$a=500p^{-1}$

If $p=2.50$, then $a=200$ and if $p=5.00$, then $a=100$. If you double the price then sales are exactly halved.

If $a=300$, then $p=\frac{500}{300}\approx 1.67$. Formula: $p=\frac{500}{a}$.

If $p=0.01$, then $a=50000$ and if $p=100$, then $a=5$. Therefore $0.50\le p\le 5$.

$f\left(x\right)=3\cdot {(x-1)}^{\mathrm{-}\frac{1}{2}}+5$

First you shift the graph by $1$ in the $x$ -direction, then you multiply by $3$ in the $y$ -direction, and finally you shift the graph by $5$ in the $y$ -direction.

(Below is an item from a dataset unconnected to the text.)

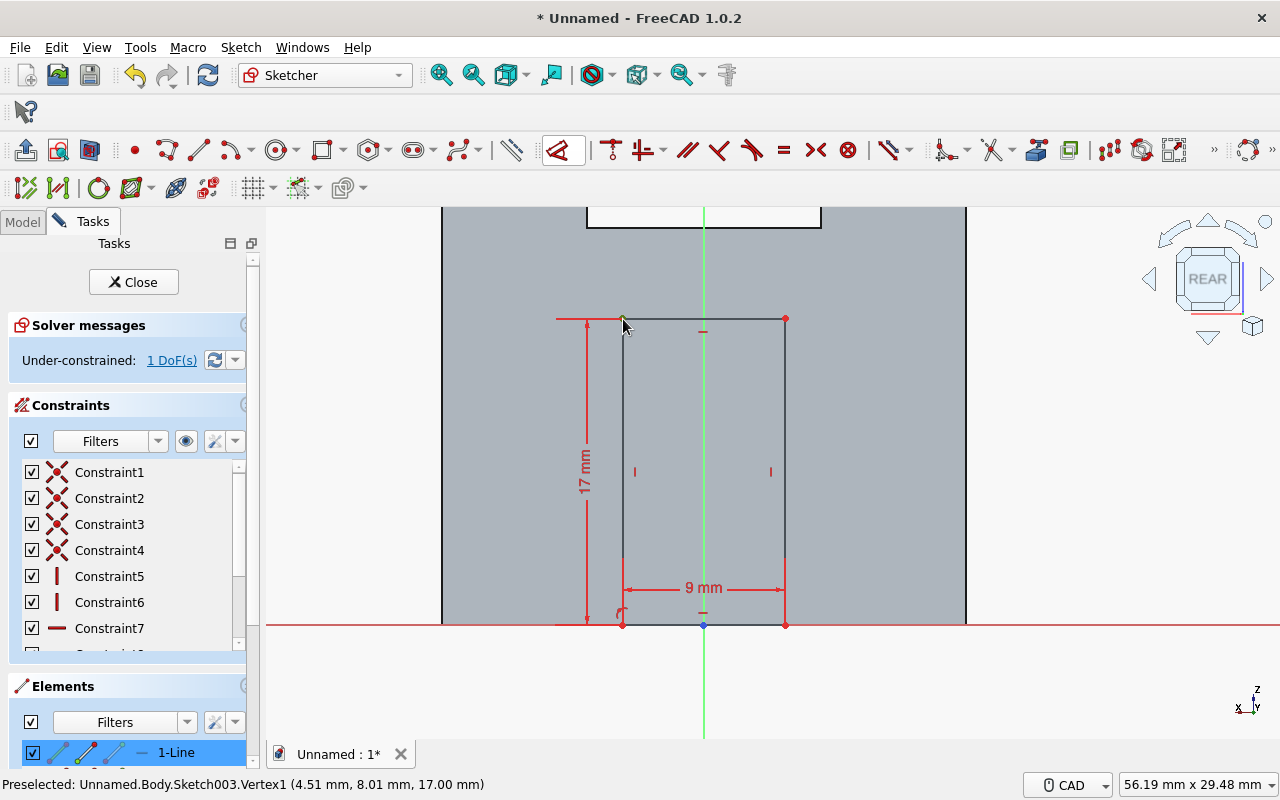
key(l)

${\text{D}}_f=⟨1,\to ⟩$ and ${\text{B}}_f=⟨5,\to ⟩$

$\frac{3}{\sqrt{x-1}}+5=10$ gives: $\frac{3}{\sqrt{x-1}}=5$ and $\sqrt{x-1}=0.6$, so that $x=1.36$.
$f\left(x\right)\le 10$ if $x\ge 1.36$.

$f\left(x\right)=-5+2{(x-3)}^{\frac{1}{2}}$ and $g\left(x\right)=x^{\frac{1}{2}}$.
You first shift $3$ units in the $x$ -direction, then you multiply by $2$ along the $x$ -axis, and you finally shift $-5$ units in the $y$ -direction.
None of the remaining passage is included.